What this task involves:
Look below for the line that contains "Page size: 1241x1754.", then copy it and each following line exactly, through and including the line that contains "text CUARTA. - El".

[Stored records]

◇ ◇ ◇ ◇ ◇ ◇ ◇

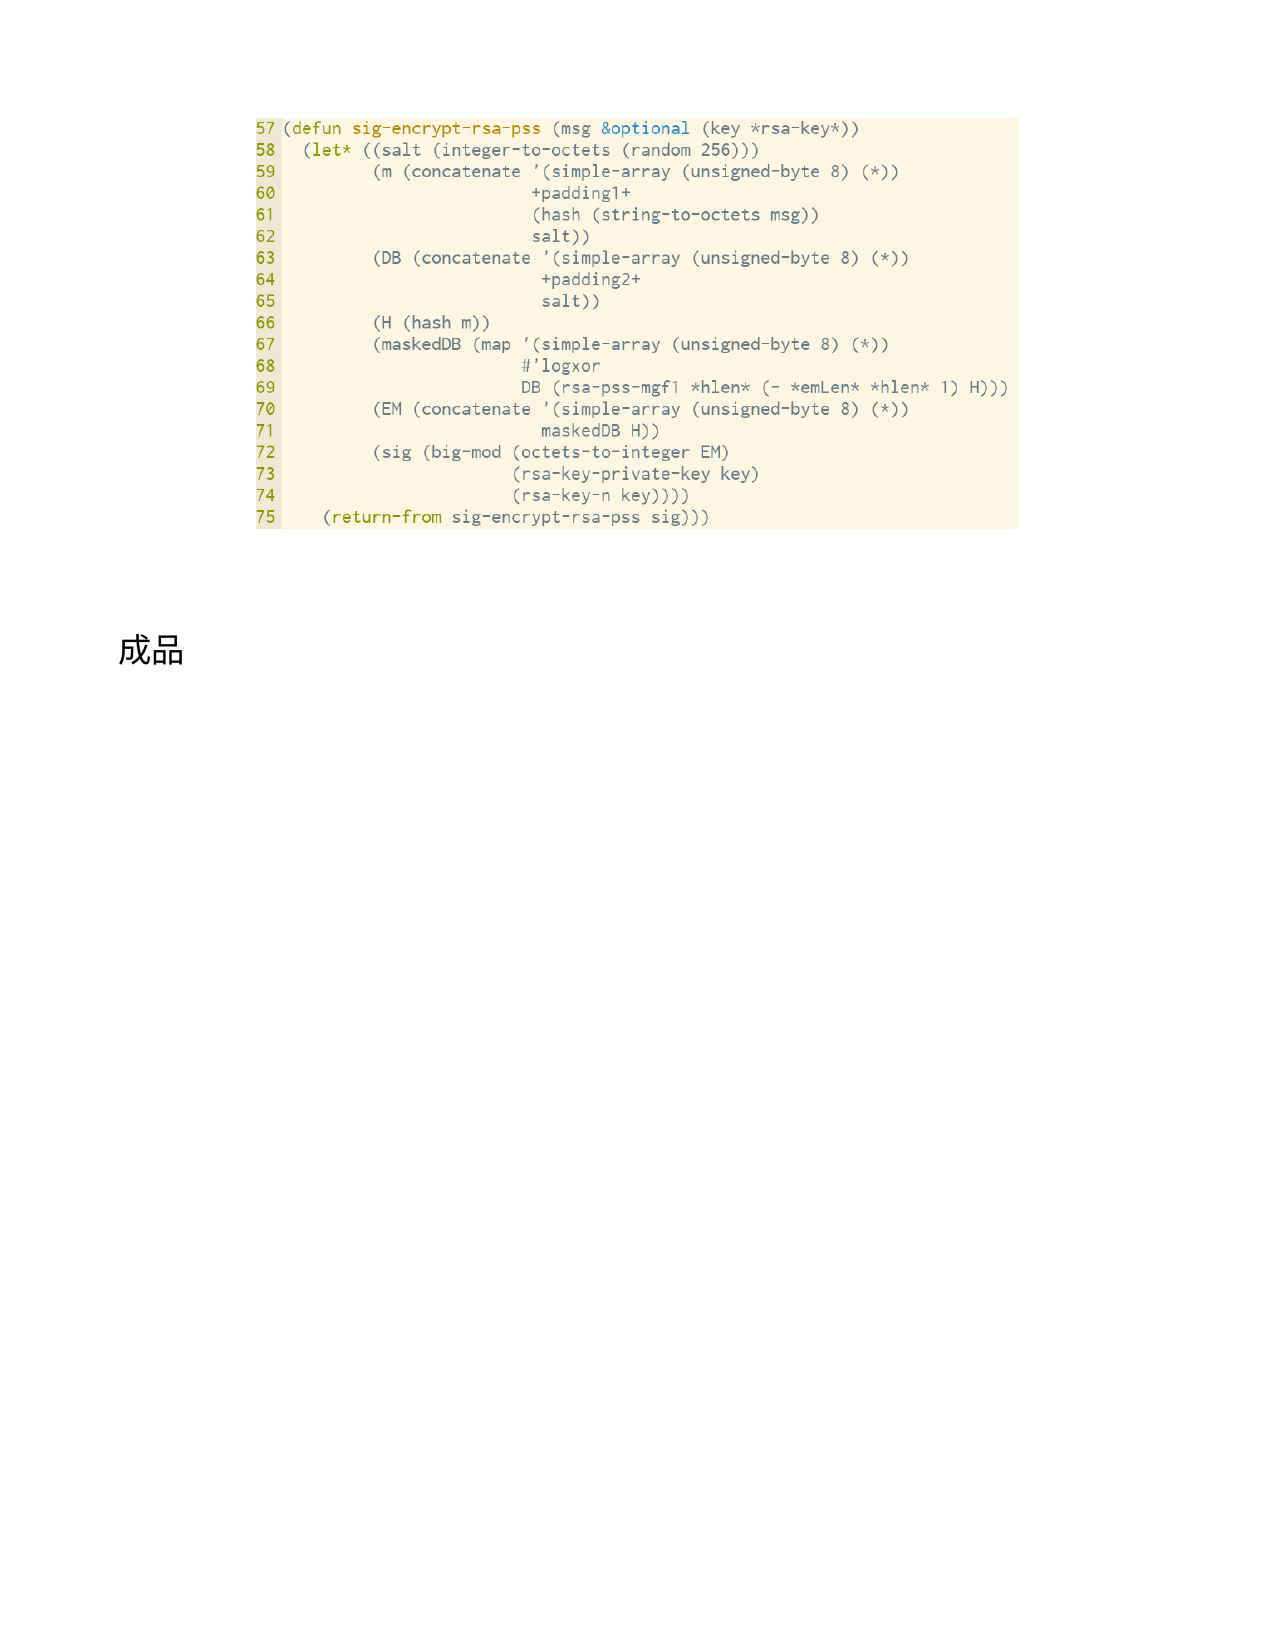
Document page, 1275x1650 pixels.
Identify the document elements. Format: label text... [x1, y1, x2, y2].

picture [255, 118, 1020, 529]
text 成品 [118, 624, 1157, 672]
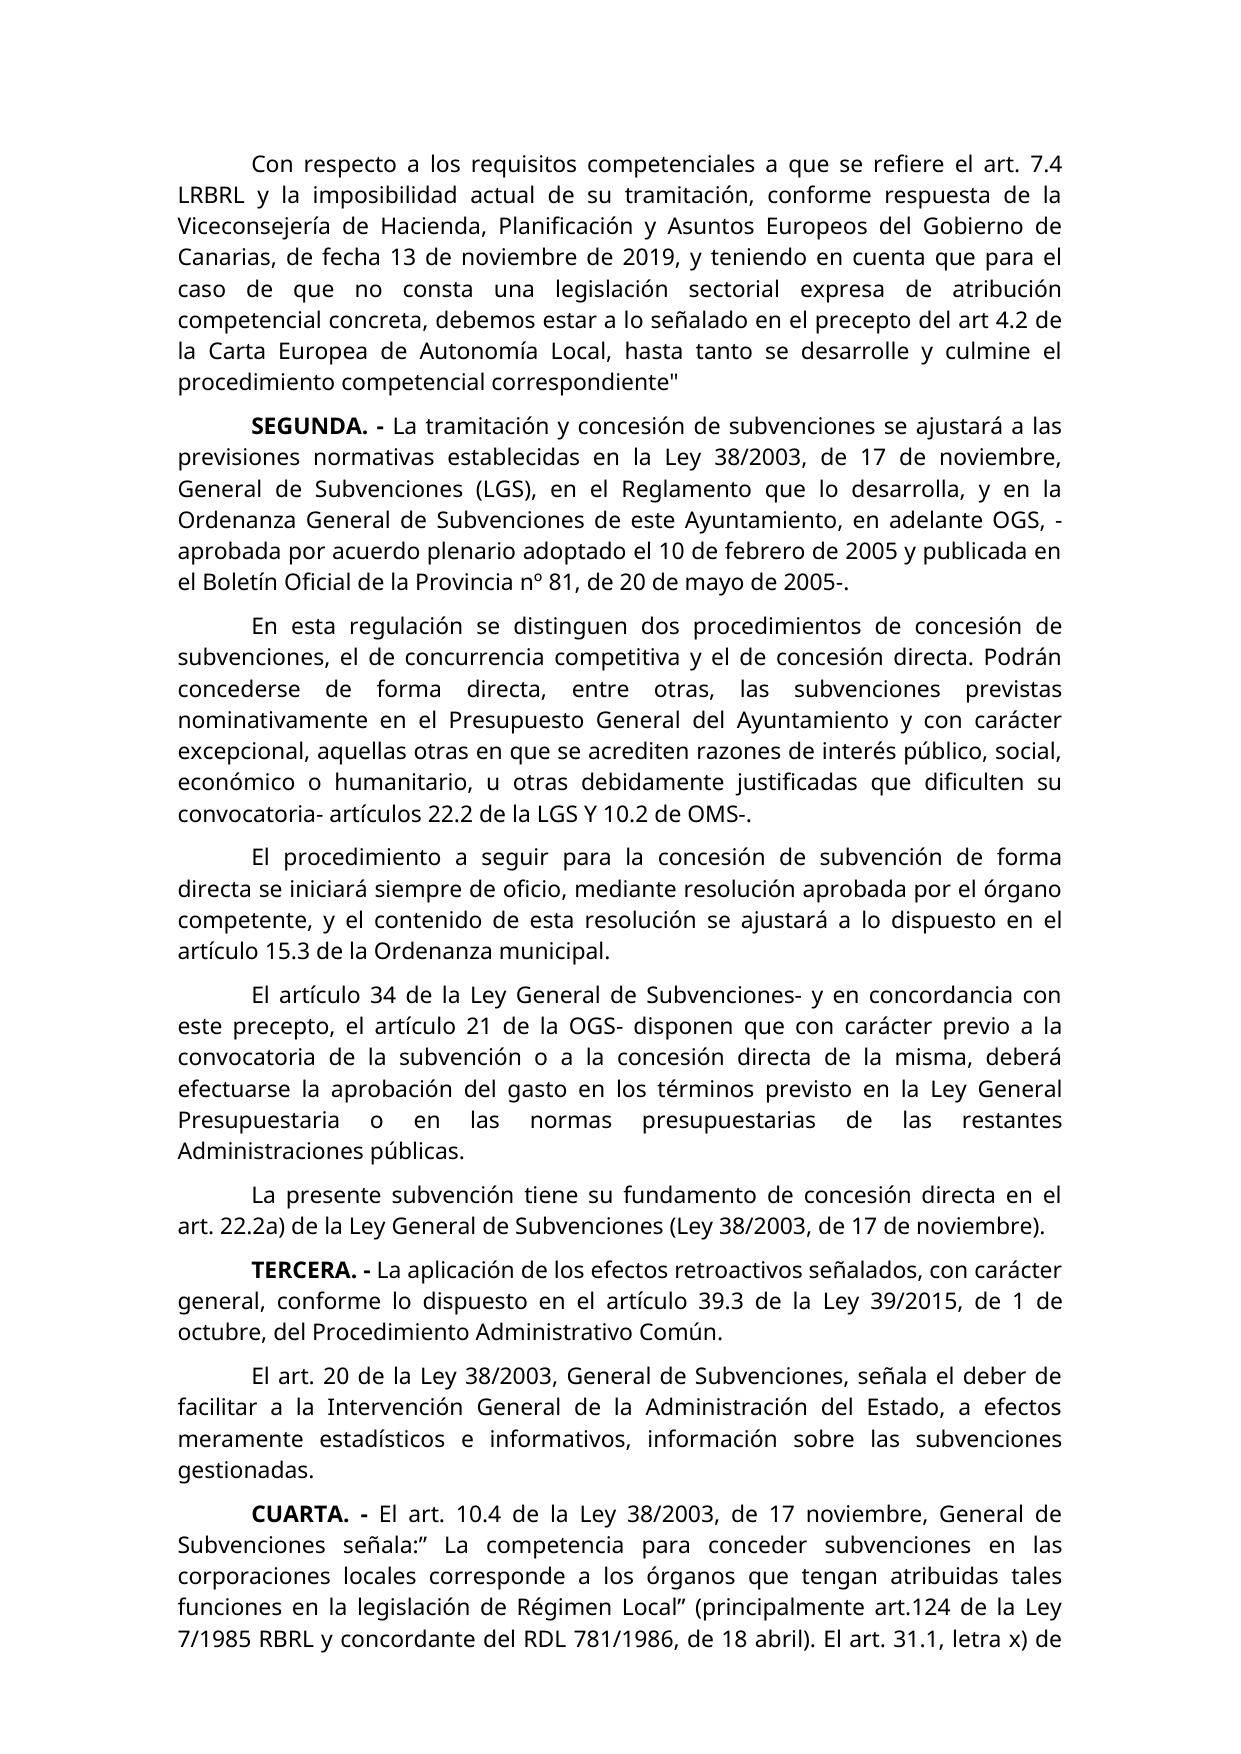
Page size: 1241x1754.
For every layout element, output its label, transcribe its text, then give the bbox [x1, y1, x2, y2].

text El art. 20 de la Ley 38/2003, General de Subvenciones, señala el deber de facilitar a la Intervención General de la Administración del Estado, a efectos meramente estadísticos e informativos, información sobre las subvenciones gestionadas. [177, 1360, 1063, 1485]
text El artículo 34 de la Ley General de Subvenciones- y en concordancia con este precepto, el artículo 21 de la OGS- disponen que con carácter previo a la convocatoria de la subvención o a la concesión directa de la misma, deberá efectuarse la aprobación del gasto en los términos previsto en la Ley General Presupuestaria o en las normas presupuestarias de las restantes Administraciones públicas. [177, 979, 1063, 1166]
text La presente subvención tiene su fundamento de concesión directa en el art. 22.2a) de la Ley General de Subvenciones (Ley 38/2003, de 17 de noviembre). [177, 1179, 1063, 1241]
text SEGUNDA. - La tramitación y concesión de subvenciones se ajustará a las previsiones normativas establecidas en la Ley 38/2003, de 17 de noviembre, General de Subvenciones (LGS), en el Reglamento que lo desarrolla, y en la Ordenanza General de Subvenciones de este Ayuntamiento, en adelante OGS, - aprobada por acuerdo plenario adoptado el 10 de febrero de 2005 y publicada en el Boletín Oficial de la Provincia nº 81, de 20 de mayo de 2005-. [177, 410, 1063, 598]
text CUARTA. - El art. 10.4 de la Ley 38/2003, de 17 noviembre, General de Subvenciones señala:” La competencia para conceder subvenciones en las corporaciones locales corresponde a los órganos que tengan atribuidas tales funciones en la legislación de Régimen Local” (principalmente art.124 de la Ley 7/1985 RBRL y concordante del RDL 781/1986, de 18 abril). El art. 31.1, letra x) de [177, 1498, 1063, 1654]
text TERCERA. - La aplicación de los efectos retroactivos señalados, con carácter general, conforme lo dispuesto en el artículo 39.3 de la Ley 39/2015, de 1 de octubre, del Procedimiento Administrativo Común. [177, 1254, 1063, 1348]
text El procedimiento a seguir para la concesión de subvención de forma directa se iniciará siempre de oficio, mediante resolución aprobada por el órgano competente, y el contenido de esta resolución se ajustará a lo dispuesto en el artículo 15.3 de la Ordenanza municipal. [177, 841, 1063, 966]
text Con respecto a los requisitos competenciales a que se refiere el art. 7.4 LRBRL y la imposibilidad actual de su tramitación, conforme respuesta de la Viceconsejería de Hacienda, Planificación y Asuntos Europeos del Gobierno de Canarias, de fecha 13 de noviembre de 2019, y teniendo en cuenta que para el caso de que no consta una legislación sectorial expresa de atribución competencial concreta, debemos estar a lo señalado en el precepto del art 4.2 de la Carta Europea de Autonomía Local, hasta tanto se desarrolle y culmine el procedimiento competencial correspondiente" [177, 148, 1063, 398]
text En esta regulación se distinguen dos procedimientos de concesión de subvenciones, el de concurrencia competitiva y el de concesión directa. Podrán concederse de forma directa, entre otras, las subvenciones previstas nominativamente en el Presupuesto General del Ayuntamiento y con carácter excepcional, aquellas otras en que se acrediten razones de interés público, social, económico o humanitario, u otras debidamente justificadas que dificulten su convocatoria- artículos 22.2 de la LGS Y 10.2 de OMS-. [177, 610, 1063, 829]

◇ ◇ ◇ ◇ ◇ ◇ ◇

Solution:
Page size: 1241x1754.
For every layout element, output its label, transcribe its text, then give the bbox [x1, y1, x2, y2].

text El art. 20 de la Ley 38/2003, General de Subvenciones, señala el deber de facilitar a la Intervención General de la Administración del Estado, a efectos meramente estadísticos e informativos, información sobre las subvenciones gestionadas. [177, 1360, 1063, 1485]
text El artículo 34 de la Ley General de Subvenciones- y en concordancia con este precepto, el artículo 21 de la OGS- disponen que con carácter previo a la convocatoria de la subvención o a la concesión directa de la misma, deberá efectuarse la aprobación del gasto en los términos previsto en la Ley General Presupuestaria o en las normas presupuestarias de las restantes Administraciones públicas. [177, 979, 1063, 1166]
text La presente subvención tiene su fundamento de concesión directa en el art. 22.2a) de la Ley General de Subvenciones (Ley 38/2003, de 17 de noviembre). [177, 1179, 1063, 1241]
text SEGUNDA. - La tramitación y concesión de subvenciones se ajustará a las previsiones normativas establecidas en la Ley 38/2003, de 17 de noviembre, General de Subvenciones (LGS), en el Reglamento que lo desarrolla, y en la Ordenanza General de Subvenciones de este Ayuntamiento, en adelante OGS, - aprobada por acuerdo plenario adoptado el 10 de febrero de 2005 y publicada en el Boletín Oficial de la Provincia nº 81, de 20 de mayo de 2005-. [177, 410, 1063, 598]
text CUARTA. - El art. 10.4 de la Ley 38/2003, de 17 noviembre, General de Subvenciones señala:” La competencia para conceder subvenciones en las corporaciones locales corresponde a los órganos que tengan atribuidas tales funciones en la legislación de Régimen Local” (principalmente art.124 de la Ley 7/1985 RBRL y concordante del RDL 781/1986, de 18 abril). El art. 31.1, letra x) de [177, 1498, 1063, 1654]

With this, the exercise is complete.